A green job is employment in any industry contributing to preserving or restoring environmental quality in that sector and allowing for sustainable development. Specifically, but not exclusively, this includes jobs that help protect ecosystems and biodiversity; reduce energy, materials, and water consumption through high efficiency strategies; de-carbonize the economy; and minimise (or altogether avoid) generation of all forms of waste and pollution.
With a firm belief that that green jobs are the future for sustainable development, Santha Sheela Nair, vice-chairman, Tamil Nadu State Planning Commission, is on a mission to promote the new and emerging concept. In fact, the entire process of preparation of the 12th Five Year Plan will be viewed through a “green lens,” she asserts.
A green job can be a white or blue collared job in any sector: agriculture, manufacturing, research and development, administrative and service activities such as IT, finance, teaching and so on. Furthermore, a green job creates work that provides adequate wages, safe working conditions, job security and worker rights, she says.
“The idea is that a new age of green jobs will allow India to make the much-needed swift transition into a low carbon economy, while also pulling millions out of poverty through job creation,” she said. Increasing environmental awareness is changing and increasing legislation supporting the environment, which will mean increased environmental litigation, lawyers and policy writers.
Growth of global carbon markets will mean an increase in carbon finance consultants, analysts, financiers, an increase in carbon accountants, business risk analysts and more.

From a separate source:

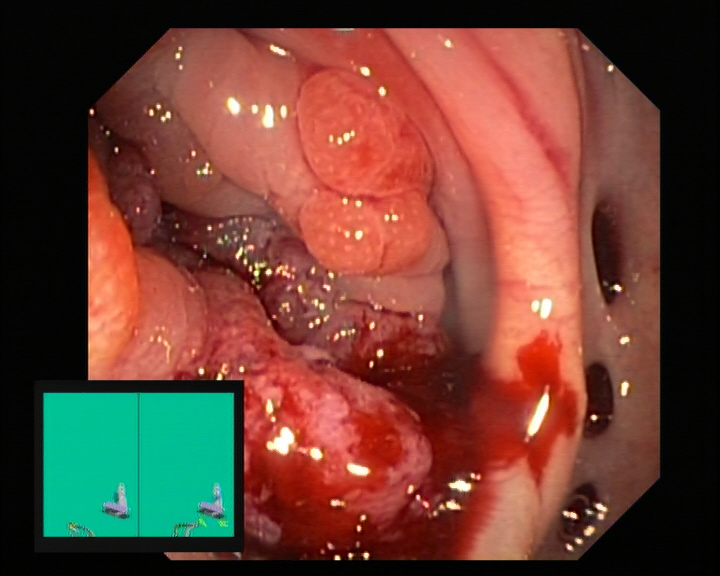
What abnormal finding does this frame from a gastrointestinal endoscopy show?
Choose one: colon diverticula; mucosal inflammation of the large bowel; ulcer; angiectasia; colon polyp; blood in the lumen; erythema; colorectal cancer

colon polyp

A rise in green buildings and energy efficiency is increasing the demand for architects, engineers, technicians, plumbers, construction workers.
And a shift towards renewable energy is resulting in increased employment per kilowatt per hour of energy produced when compared to fossil fuel energy, not only in large commercial plants but also in rural villages allowing for decentralised renewable energy systems. This means more engineering jobs, more construction jobs and more management jobs, Ms. Nair said emphasising that these are just a few sectors and jobs out of the hundreds of jobs that will be transformed and created in the future.
According to experts, the fast growing green energy sector could create a million jobs in the next few years and more universities are coming up with postgraduate courses in environmental science to cater to the needs of the companies in this emerging sector.
Green jobs in energy supply could be in research, construction and monitoring of power plant industrial efficiency including cogeneration, plant efficiency and carbon sequestration; renewables and fuel cell research, design, manufacture, installation and monitoring; energy engineers focussed on increased power plant efficiency. In transport, green jobs would involve research and design on more fuel efficient vehicles and on public transport systems, manufacture of alternatively fuelled vehicles and many more.
“Even in financial services, green jobs are there. In the developed countries, the business schools offer MBA in Green Economy. It is time that Indian business schools begin offering the same,” says Ms. Nair.